Pageflakes and Netvibes are remarkably similarly remarkable. One is now my home page - they're that good. Again, quite free. You can create a page that contains the panels of your choosing, from news feeds, feeds from your own blog, other web pages of your choice or a range of smart tools like clocks, searches and more. You can move panels around and, and this is the bit that makes them special, add your own text to as many panels as you like too. Pageflakes has the edge on content and the fact that you can have several pages comprising a pretty useful 'site'-ful but Netvibes has the better design and functionality in my view.


Google Page Creator basically does just that - provides you with areas in which you add your content, including images, then select from a variety of templates and when you hit the publish button you have a web address and a pretty decent looking site.

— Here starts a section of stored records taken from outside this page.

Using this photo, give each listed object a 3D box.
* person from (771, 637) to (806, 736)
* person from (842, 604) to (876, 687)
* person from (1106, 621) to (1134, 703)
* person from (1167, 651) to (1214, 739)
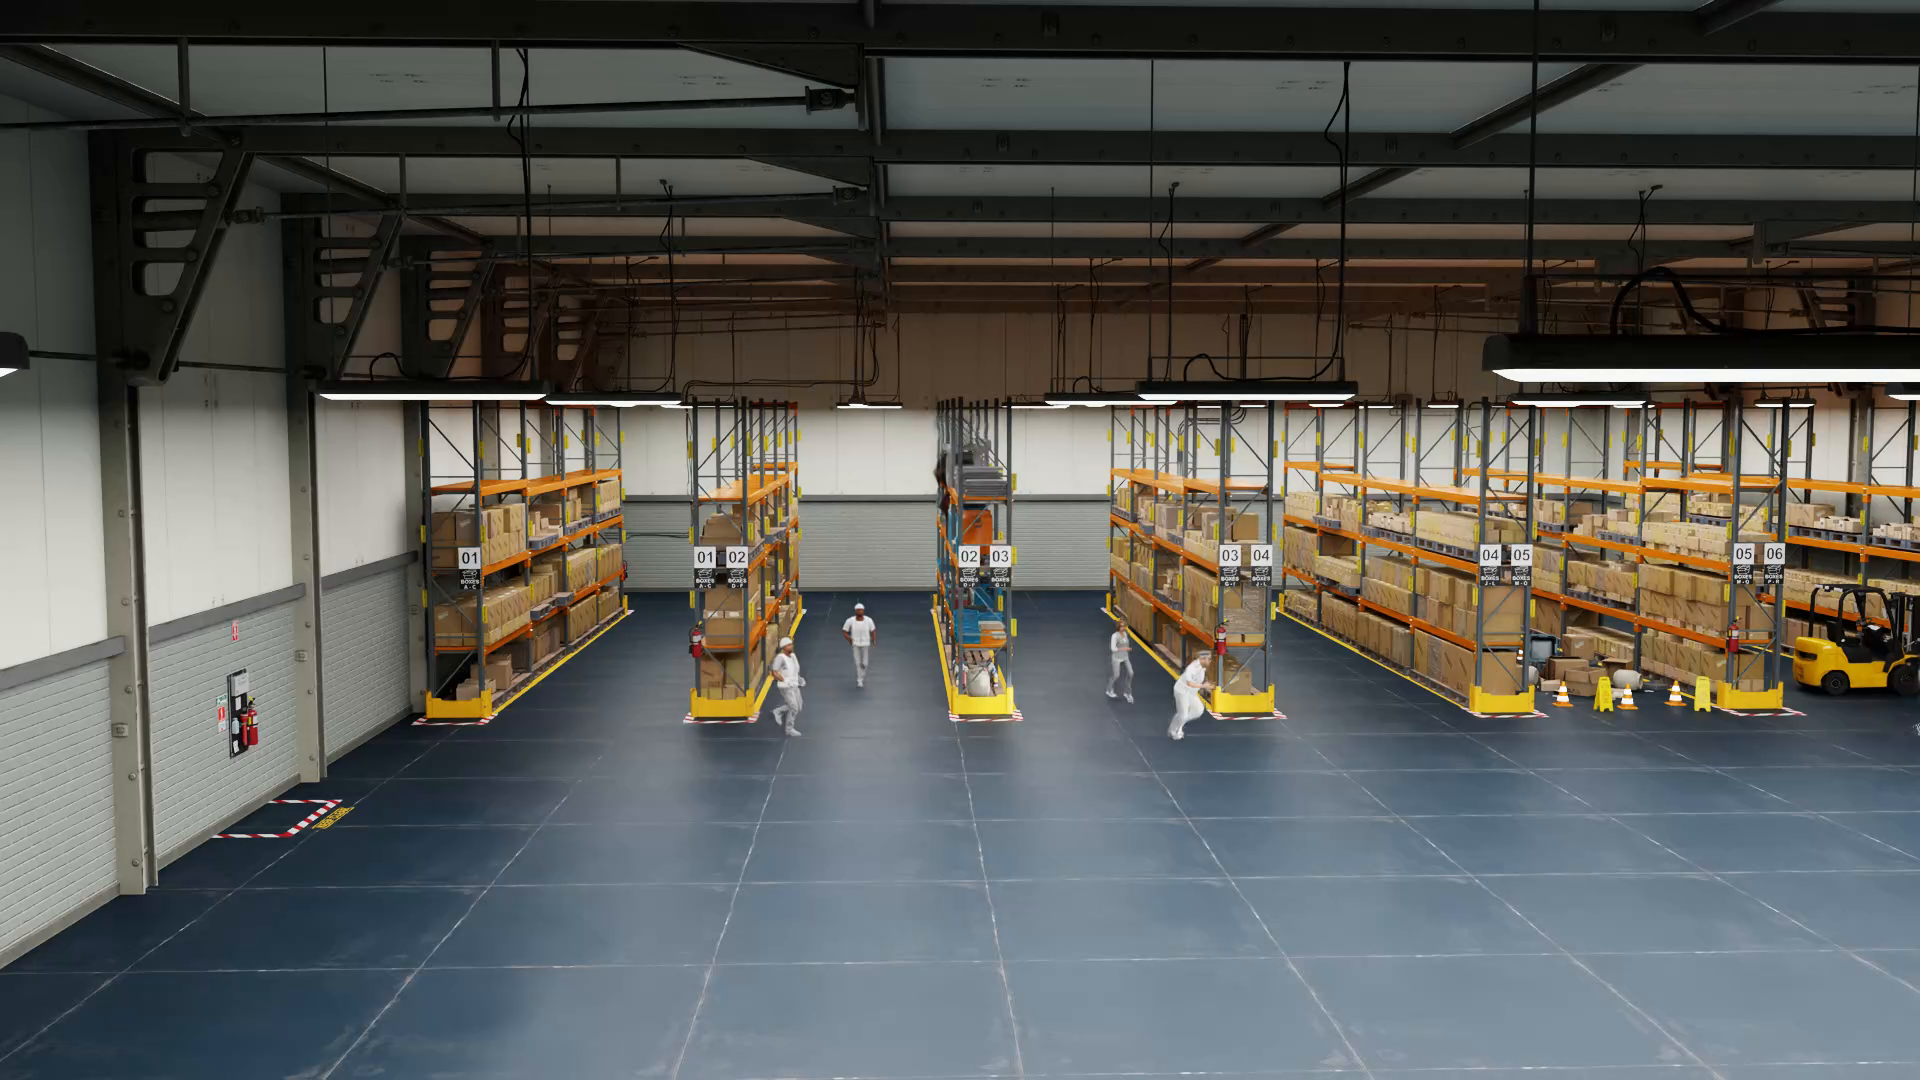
[{"bbox_3d":[-3.094,2.590,29.429,0.616,1.740,0.683,2,5,23],"label":"person"},{"bbox_3d":[-2.104,2.186,34.776,0.702,1.723,0.598,-1,4,-9],"label":"person"},{"bbox_3d":[3.137,2.394,32.882,0.485,1.634,0.715,-3,5,-30],"label":"person"},{"bbox_3d":[4.059,2.690,29.030,0.912,1.579,0.700,3,5,32],"label":"person"}]

All these allow the inclusion of a nice facility to show your Flickr images or fine Flickr badges featuring your or someone else'd collections. . . oh, didn't I mention Flickr?

Lastly, for probably not very long, go to Wink and tag these and a whole lot of other pages you find that suit a particular need and they'll get stored in your own area for quick future reference or, indeed, as a selection for others to view, with a selection of similar sites, tagged by others via Wink, which have similar content but you perhaps missed.

OK, so it wasn't lastly . . . I forgot box.net where anything that's still what is rapidly becoming an 'old-fashioned document and needs to be stored somewhere, can be stored and accessed by whoever you care to give access to - and none of the processes require anything other than a reasonable recent computer and common sense.